United Airlines has more than halved the rate at which it is using up cash.

Daniel Slim/AFP via Getty Images

United Airlines Holdings plans to issue $5.5 billion in senior notes and expects first-quarter revenue of $3.2 billion, below the Wall Street consensus call for $3.3 billion.

The stock was down 3.4% in early trading Monday to prices around $56.50.

United (ticker: UAL) said in a securities filing that it is planning to issue $5.5 billion of senior notes in two sets, due in 2026 and 2029, using the proceeds to pay off previous loans and $520 million that the airline had borrowed from the U.S. government under the Cares Act in 2020.

United’s cash position looks healthy. It has $21 billion in available liquidity, and it is making progress in cutting its operating losses.

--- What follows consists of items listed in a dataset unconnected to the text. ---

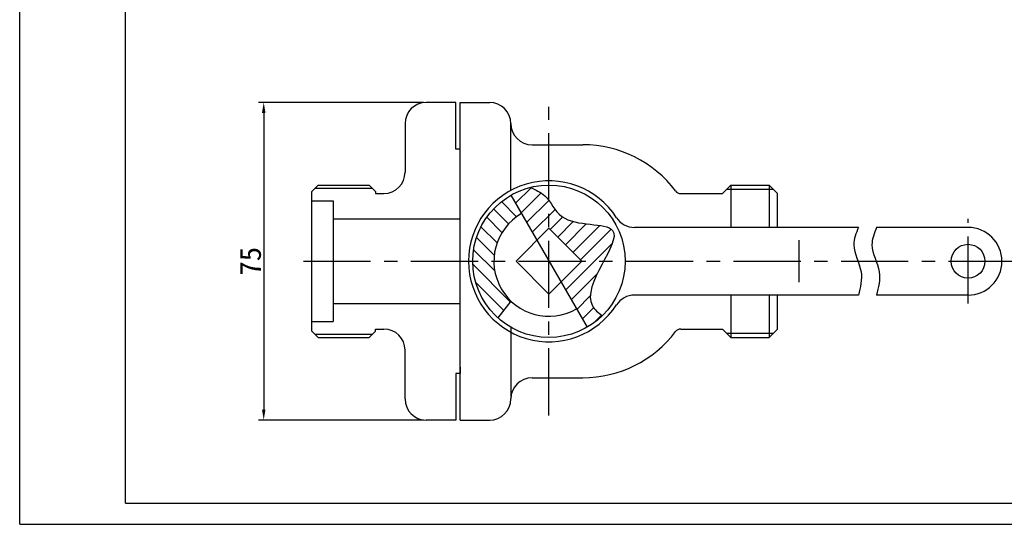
# Model space of a CAD drawing. Header units: millimetres. Extents: x -526 to -106, y 228 to 525.
# Tile 1 of 2: x -526 to -293, y 228 to 347. Entities that reach past the tile are written whole.
import ezdxf

# ---------------------------------------------------------------- set-up
doc = ezdxf.new("R2010")
doc.units = ezdxf.units.MM
doc.linetypes.add('CENTER', pattern=[50.800000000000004, 31.75, -6.35, 6.35, -6.35])
doc.layers.add('1轮廓实线层', color=7, linetype='Continuous', lineweight=30)
doc.layers.add('粗实线', color=7, linetype='Continuous', lineweight=30)
for name, color, linetype in [('2细线层', 7, 'Continuous'), ('中心线', 1, 'CENTER'), ('剖面线', 7, 'Continuous'), ('标注层', 7, 'Continuous'), ('细实线', 7, 'Continuous')]:
    doc.layers.add(name, color=color, linetype=linetype)
doc.styles.get("Standard").update_dxf_attribs({"font": '仿宋_GB2312.ttf'})
doc.dimstyles.new('ISO-25', dxfattribs={"dimtxt": 5, "dimasz": 2.5, "dimexe": 1.25, "dimexo": 0.625, "dimtad": 1, "dimdsep": 46, "dimtxsty": 'Standard', "dimcen": 2.5, "dimadec": 0, "dimazin": 0, "dimtfac": 1, "dimtmove": 0, "dimatfit": 3, "dimfxl": 1, "dimarcsym": 0})

# ---------------------------------------------------------------- blocks, each defined once
blk = doc.blocks.new('*D23')
at = {"layer": 'Defpoints', "color": 0, "transparency": 16777216}
for p in [(-429.845088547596, 327.1633136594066), (-468.2216798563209, 252.1633136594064), (-429.8450885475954, 252.1633136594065)]:
    blk.add_point(p, dxfattribs=at)
at = {"layer": '标注层', "color": 0, "lineweight": -2, "transparency": 16777216}
for p, q in [((-430.470088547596, 327.1633136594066), (-469.4716798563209, 327.1633136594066)), ((-468.2216798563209, 324.6633136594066), (-468.2216798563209, 254.6633136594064)), ((-430.4700885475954, 252.1633136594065), (-469.4716798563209, 252.1633136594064))]:
    blk.add_line(p, q, dxfattribs=at)
at = {"layer": '标注层', "color": 0, "transparency": 16777216}
for points in [[(-468.6383465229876, 324.6633136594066), (-467.8050131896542, 324.6633136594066), (-468.2216798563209, 327.1633136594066)], [(-468.6383465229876, 254.6633136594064), (-467.8050131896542, 254.6633136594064), (-468.2216798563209, 252.1633136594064)]]:
    blk.add_solid(points, dxfattribs=at)
at = {"layer": '标注层', "color": 0, "transparency": 16777216, "insert": (-471.3466798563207, 289.6633136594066), "char_height": 5, "attachment_point": 5, "rotation": 90}
blk.add_mtext('75', dxfattribs=at)

msp = doc.modelspace()

# ---------------------------------------------------------------- hatches: boundary and pattern name
at = {"layer": '剖面线'}
h = msp.add_hatch(dxfattribs=at)
h.set_pattern_fill('ANSI31', color=256, scale=0.8)
h.set_pattern_definition([(45, (-571.8450885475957, 39.66331365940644), (-1.796051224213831, 1.796051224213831), [])])
edge = h.paths.add_edge_path()
edge.add_spline(control_points=[(-400.8450885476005, 303.9932040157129), (-401.1452355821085, 304.3945937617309), (-402.3123357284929, 305.7808031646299), (-404.0362405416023, 306.5484111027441), (-405.2888481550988, 307.1061632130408)], knot_values=[0, 0, 0, 0, 1.504902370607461, 5.504612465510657, 5.504612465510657, 5.504612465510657, 5.504612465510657], degree=3, periodic=0)
edge.add_arc((-400.8450885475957, 289.6633136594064), 17.99999999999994, 104.2926990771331, 120.0000000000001)
edge.add_line((-409.8450885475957, 305.2517709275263), (-403.6920980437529, 294.5944787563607))
edge.add_line((-403.6920980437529, 294.5944787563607), (-400.8450885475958, 297.4414882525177))
edge.add_line((-400.8450885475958, 297.4414882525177), (-400.8450885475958, 299.4414882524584))
edge.add_line((-400.8450885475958, 299.4414882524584), (-400.8450885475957, 303.9932040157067))
edge = h.paths.add_edge_path()
edge.add_spline(control_points=[(-387.9283907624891, 289.6633136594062), (-386.2651898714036, 292.7868965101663), (-382.5533967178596, 299.7262928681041), (-397.1383863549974, 297.2875140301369), (-399.88574018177, 302.7102574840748), (-400.8450885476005, 303.9932040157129)], knot_values=[5.504612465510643, 5.504612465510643, 5.504612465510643, 5.504612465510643, 13.95070282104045, 26.39248286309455, 31.20254414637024, 31.20254414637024, 31.20254414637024, 31.20254414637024], degree=3, periodic=0)
edge.add_line((-400.8450885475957, 303.9932040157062), (-400.8450885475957, 297.4414882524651))
edge.add_line((-400.8450885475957, 297.4414882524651), (-393.0669139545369, 289.6633136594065))
edge.add_line((-393.0669139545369, 289.6633136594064), (-391.0669139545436, 289.6633136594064))
edge.add_line((-391.0669139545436, 289.6633136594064), (-387.9283907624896, 289.6633136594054))
edge = h.paths.add_edge_path()
edge.add_spline(control_points=[(-388.2685363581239, 276.7858008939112), (-389.1727791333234, 277.5208540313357), (-392.8078346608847, 280.4757672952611), (-389.8923213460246, 285.9749438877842), (-387.9283907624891, 289.6633136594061)], knot_values=[31.20254414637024, 31.20254414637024, 31.20254414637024, 31.20254414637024, 34.50494868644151, 44.47820883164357, 44.47820883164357, 44.47820883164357, 44.47820883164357], degree=3, periodic=0)
edge.add_line((-387.9283907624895, 289.6633136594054), (-391.0669139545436, 289.6633136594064))
edge.add_line((-391.0669139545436, 289.6633136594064), (-393.0669139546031, 289.6633136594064))
edge.add_line((-393.0669139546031, 289.6633136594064), (-397.9980790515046, 284.7321485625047))
edge.add_line((-397.9980790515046, 284.7321485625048), (-391.8450885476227, 274.0748563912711))
edge.add_arc((-400.8450885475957, 289.6633136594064), 17.99999999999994, 299.9999999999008, 314.3225849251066)
h = msp.add_hatch(dxfattribs=at)
h.set_pattern_fill('ANSI31', color=256, scale=0.8, angle=90)
h.set_pattern_definition([(135, (-571.8450885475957, 39.66331365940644), (-1.796051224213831, -1.796051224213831), [])])
h.paths.add_polyline_path([(-407.3450885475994, 300.9216439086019), (-409.8450885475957, 305.2517709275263, 0.2679491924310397), (-418.8450885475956, 289.663313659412), (-413.8450885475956, 289.6633136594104, -0.2679491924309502)])
h.paths.add_polyline_path([(-413.8450885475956, 289.6633136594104), (-418.8450885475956, 289.663313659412, 0.2116680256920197), (-412.9348651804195, 276.327748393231), (-409.8450885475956, 280.2824821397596, -0.2043018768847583)])

# ---------------------------------------------------------------- linework, layer by layer
at = {"layer": '1轮廓实线层'}
for q in [(-500.8644162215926, 519.5612666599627), (-110.8644162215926, 232.5612666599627)]:
    msp.add_line((-500.8644162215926, 232.5612666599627), q, dxfattribs=at)
at = {"layer": '2细线层'}
for q in [(-525.8644162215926, 524.5612666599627), (-105.8644162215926, 227.5612666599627)]:
    msp.add_line((-525.8644162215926, 227.5612666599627), q, dxfattribs=at)
at = {"layer": '中心线', "ltscale": 0.5}
for p, q in [((-400.8450885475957, 253.2347138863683), (-400.8450885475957, 326.0919134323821)), ((-301.8450885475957, 279.6633136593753), (-301.8450885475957, 299.6633136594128)), ((-458.8450885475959, 289.6633136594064), (-289.1217526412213, 289.6633136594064))]:
    msp.add_line(p, q, dxfattribs=at)
at = {"layer": '粗实线'}
for p, q in [((-422.8450885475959, 327.1633136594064), (-429.8450885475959, 327.1633136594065)), ((-422.8450885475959, 316.1633136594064), (-422.8450885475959, 327.1633136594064)), ((-421.8450885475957, 327.1633136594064), (-414.8450885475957, 327.1633136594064)), ((-421.8450885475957, 252.1633136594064), (-421.8450885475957, 327.1633136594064)), ((-434.8450885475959, 322.1633136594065), (-434.8450885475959, 310.6633136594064)), ((-409.8450885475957, 322.1633136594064), (-409.8450885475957, 322.1633136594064)), ((-409.8450885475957, 306.3965141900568), (-409.8450885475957, 322.1633136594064)), ((-404.8450885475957, 317.1633136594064), (-392.8450885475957, 317.1633136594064)), ((-421.8450885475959, 316.1633136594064), (-422.8450885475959, 316.1633136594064)), ((-421.8450885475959, 314.6633136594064), (-421.8450885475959, 316.1633136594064)), ((-456.8450885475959, 306.1633136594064), (-455.3450885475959, 307.6633136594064)), ((-455.3450885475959, 307.6633136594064), (-443.3450885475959, 307.6633136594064)), ((-443.3450885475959, 307.6633136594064), (-441.8450885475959, 306.1633136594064)), ((-359.8450885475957, 305.6633136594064), (-357.8450885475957, 307.6633136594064)), ((-357.8450885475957, 307.6633136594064), (-348.8450885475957, 307.6633136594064)), ((-357.8450885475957, 307.6633136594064), (-357.8450885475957, 297.6633136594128)), ((-348.8450885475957, 307.6633136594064), (-346.8450885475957, 305.6633136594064)), ((-348.8450885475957, 307.6633136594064), (-348.8450885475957, 297.6633136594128)), ((-456.8450885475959, 273.1633136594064), (-456.8450885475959, 306.1633136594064)), ((-441.8450885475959, 306.1633136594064), (-441.8450885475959, 305.6633136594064)), ((-441.8450885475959, 305.6633136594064), (-439.8450885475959, 305.6633136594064)), ((-409.8450885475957, 305.2517709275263), (-391.8450885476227, 274.074856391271)), ((-369.7204263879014, 305.6633136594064), (-359.8450885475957, 305.6633136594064)), ((-359.8450885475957, 305.6633136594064), (-359.8450885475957, 305.6633136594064)), ((-346.8450885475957, 297.6633136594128), (-346.8450885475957, 305.6633136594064)), ((-456.8450885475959, 303.9133136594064), (-451.8450885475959, 303.9133136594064)), ((-451.8450885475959, 303.9133136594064), (-451.8450885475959, 275.4133136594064)), ((-451.8450885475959, 299.6633136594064), (-421.8450885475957, 299.6633136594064)), ((-400.845088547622, 297.4414882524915), (-408.6232631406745, 289.6633136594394)), ((-400.8450885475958, 297.4414882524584), (-408.6232631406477, 289.6633136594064)), ((-393.0669139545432, 289.6633136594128), (-400.845088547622, 297.4414882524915)), ((-393.0669139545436, 289.6633136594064), (-400.8450885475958, 297.4414882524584)), ((-327.7323473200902, 297.6633136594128), (-380.6708475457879, 297.6633136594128)), ((-301.8450885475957, 297.6633136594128), (-323.4475462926, 297.6633136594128)), ((-341.74691588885, 284.7009115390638), (-341.7469158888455, 294.6257157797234)), ((-408.6232631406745, 289.6633136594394), (-400.8450885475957, 281.8851390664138)), ((-408.6232631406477, 289.6633136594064), (-400.8450885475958, 281.8851390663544)), ((-393.0669139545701, 289.6633136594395), (-400.845088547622, 281.8851390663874)), ((-400.8450885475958, 281.8851390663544), (-393.0669139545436, 289.6633136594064)), ((-327.7323473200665, 281.6633136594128), (-380.6708475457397, 281.6633136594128)), ((-357.8450885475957, 281.6633136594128), (-357.8450885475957, 271.6633136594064)), ((-348.8450885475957, 281.6633136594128), (-348.8450885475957, 271.6633136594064)), ((-346.8450885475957, 273.6633136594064), (-346.8450885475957, 281.6633136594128)), ((-301.8450885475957, 281.6633136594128), (-323.4475462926, 281.6633136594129)), ((-451.8450885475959, 279.6633136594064), (-421.8450885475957, 279.6633136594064)), ((-409.8450885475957, 280.2824821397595), (-412.9348651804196, 276.327748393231)), ((-456.8450885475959, 275.4133136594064), (-451.8450885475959, 275.4133136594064)), ((-456.8450885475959, 273.1633136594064), (-455.3450885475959, 271.6633136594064)), ((-443.3450885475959, 271.6633136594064), (-441.8450885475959, 273.1633136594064)), ((-441.8450885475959, 273.1633136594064), (-441.8450885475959, 273.6633136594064)), ((-441.8450885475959, 273.6633136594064), (-439.8450885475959, 273.6633136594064)), ((-409.8450885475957, 274.0748563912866), (-409.8450885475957, 257.1633136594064)), ((-369.7204263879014, 273.6633136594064), (-359.8450885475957, 273.6633136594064)), ((-359.8450885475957, 273.6633136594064), (-357.8450885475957, 271.6633136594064)), ((-359.8450885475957, 273.6633136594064), (-359.8450885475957, 273.6633136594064)), ((-348.8450885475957, 271.6633136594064), (-346.8450885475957, 273.6633136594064)), ((-455.3450885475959, 271.6633136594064), (-443.3450885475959, 271.6633136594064)), ((-357.8450885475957, 271.6633136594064), (-348.8450885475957, 271.6633136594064)), ((-434.8450885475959, 257.1633136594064), (-434.8450885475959, 268.6633136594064)), ((-421.8450885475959, 263.1633136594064), (-422.8450885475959, 263.1633136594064)), ((-422.8450885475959, 263.1633136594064), (-422.8450885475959, 252.1633136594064)), ((-421.8450885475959, 264.6633136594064), (-421.8450885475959, 263.1633136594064)), ((-404.8450885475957, 262.1633136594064), (-392.8450885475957, 262.1633136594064)), ((-409.8450885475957, 257.1633136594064), (-409.8450885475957, 257.1633136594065)), ((-422.8450885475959, 252.1633136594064), (-429.8450885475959, 252.1633136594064)), ((-421.8450885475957, 252.1633136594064), (-414.8450885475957, 252.1633136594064))]:
    msp.add_line(p, q, dxfattribs=at)
for centre, radius in [((-400.8450885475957, 289.6633136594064), 17.99999999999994), ((-301.8450885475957, 289.6633136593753), 4)]:
    msp.add_circle(centre, radius, dxfattribs=at)
for centre, radius, start, end in [((-429.8450885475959, 322.1633136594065), 5, 90, 180), ((-414.8450885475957, 322.1633136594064), 5, 0, 90), ((-404.8450885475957, 322.1633136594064), 5, 180, 270), ((-392.8450885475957, 289.6633136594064), 27.49999999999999, 37.11726346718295, 90), ((-439.8450885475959, 310.6633136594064), 5, 270, 0), ((-400.8450885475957, 289.6633136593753), 19, 32.7971682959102, 327.2028317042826), ((-369.7204263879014, 307.1633136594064), 1.5, 217.1172634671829, 270), ((-400.8450885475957, 289.6633136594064), 12.99999999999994, 120.0000000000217, 299.9999999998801), ((-380.6708475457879, 302.6633136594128), 5, 212.7971682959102, 270), ((-301.8450885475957, 289.6633136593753), 8, 270, 90), ((-380.6708475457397, 276.6633136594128), 5, 90, 147.2028317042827), ((-439.8450885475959, 268.6633136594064), 5, 0, 90), ((-392.8450885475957, 289.6633136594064), 27.49999999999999, 270, 322.882736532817), ((-369.7204263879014, 272.1633136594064), 1.5, 90, 142.8827365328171), ((-404.8450885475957, 257.1633136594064), 5, 90, 180), ((-429.8450885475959, 257.1633136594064), 5, 180, 270), ((-414.8450885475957, 257.1633136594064), 5, 270, 0)]:
    msp.add_arc(centre, radius, start, end, dxfattribs=at)
at = {"layer": '粗实线', "lineweight": -2}
msp.add_spline([(-405.2888481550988, 307.1061632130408), (-401.8249976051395, 305.1063081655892), (-397.8061529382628, 300.2352042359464), (-385.8086389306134, 296.9401248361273), (-390.5759176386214, 279.1483984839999), (-388.2685363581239, 276.7858008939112)], degree=3, dxfattribs=at)
at = {"layer": '粗实线'}
for points in [[(-327.7323473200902, 297.6633136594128), (-328.8323505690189, 293.5580456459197), (-327.1224628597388, 287.1766578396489), (-327.7323473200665, 281.6633136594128)], [(-323.4475462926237, 297.6633136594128), (-324.5475495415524, 293.5580456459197), (-322.8376618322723, 287.1766578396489), (-323.4475462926, 281.6633136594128)]]:
    msp.add_spline(points, degree=3, dxfattribs=at)
at = {"layer": '细实线'}
for p, q in [((-456.0950885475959, 306.9133136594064), (-442.5950885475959, 306.9133136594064)), ((-358.8450885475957, 306.6633136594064), (-347.8450885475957, 306.6633136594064)), ((-456.0950885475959, 272.4133136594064), (-442.5950885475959, 272.4133136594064)), ((-358.8450885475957, 272.6633136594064), (-347.8450885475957, 272.6633136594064))]:
    msp.add_line(p, q, dxfattribs=at)

# ---------------------------------------------------------------- dimensions: what is measured, and where the dimension line sits
at = {"layer": '标注层'}
dim = msp.add_linear_dim(base=(-468.2216798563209, 252.1633136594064), p1=(-429.8450885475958, 327.1633136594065), p2=(-429.8450885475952, 252.1633136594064), angle=90, dimstyle='ISO-25', dxfattribs=at)
dim.commit()
dim.dimension.update_dxf_attribs({"geometry": '*D23', "text_midpoint": (-471.3466798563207, 289.6633136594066)})

doc.saveas('drawing.dxf')

The airline said it is now burning through $9 million of cash a day, down from $19 million in the fourth quarter of 2020.

Indeed, United said it saw a “forward acceleration” in demand for new bookings in March and expects “positive average daily core cash flow moving forward.”

United’s $3.2 billion in revenue for the first quarter would be a decrease of 66% from the first quarter of 2019, coming in at the stronger end of its prior guidance for declines of 65% to 70%.

Those figures were positive, but investors may have wanted more, given that travel demand appears to be rapidly gaining momentum as more vaccines are distributed. About 1.5 million travelers are passing through security checkpoints daily in the U.S., down from 2.4 million in April 2019, but a huge jump back toward healthy travel volumes from a year ago. Analysts have also been raising their forecasts for first quarter and full-year 2021 revenues across much of the industry.

Still, as a full-service legacy carrier, United may not be benefiting as much from the increasing demand as low-cost airlines focused on the domestic leisure market. Indeed, United stock has underperformed shares of Spirit Airlines (SAVE), Allegiant Travel (ALGT), and Southwest Airlines (LUV) over the past six months.

Investors may need to see more signs of business and international travel picking up to push United ahead of the pack.

Morgan Stanley analyst Ravi Shanker upgraded the stock to an Equal-Weight rating last week, raising his price target to $65. But he wasn’t particularly bullish.

“The market is keen to see UAL’s go-to-market strategy on the revenue side as travelers return,” he wrote. “However, the legacy network footprint is a slightly bigger overhang than its network peers and the cap structure will likely take years to normalize, which could remain overhangs on the stock.”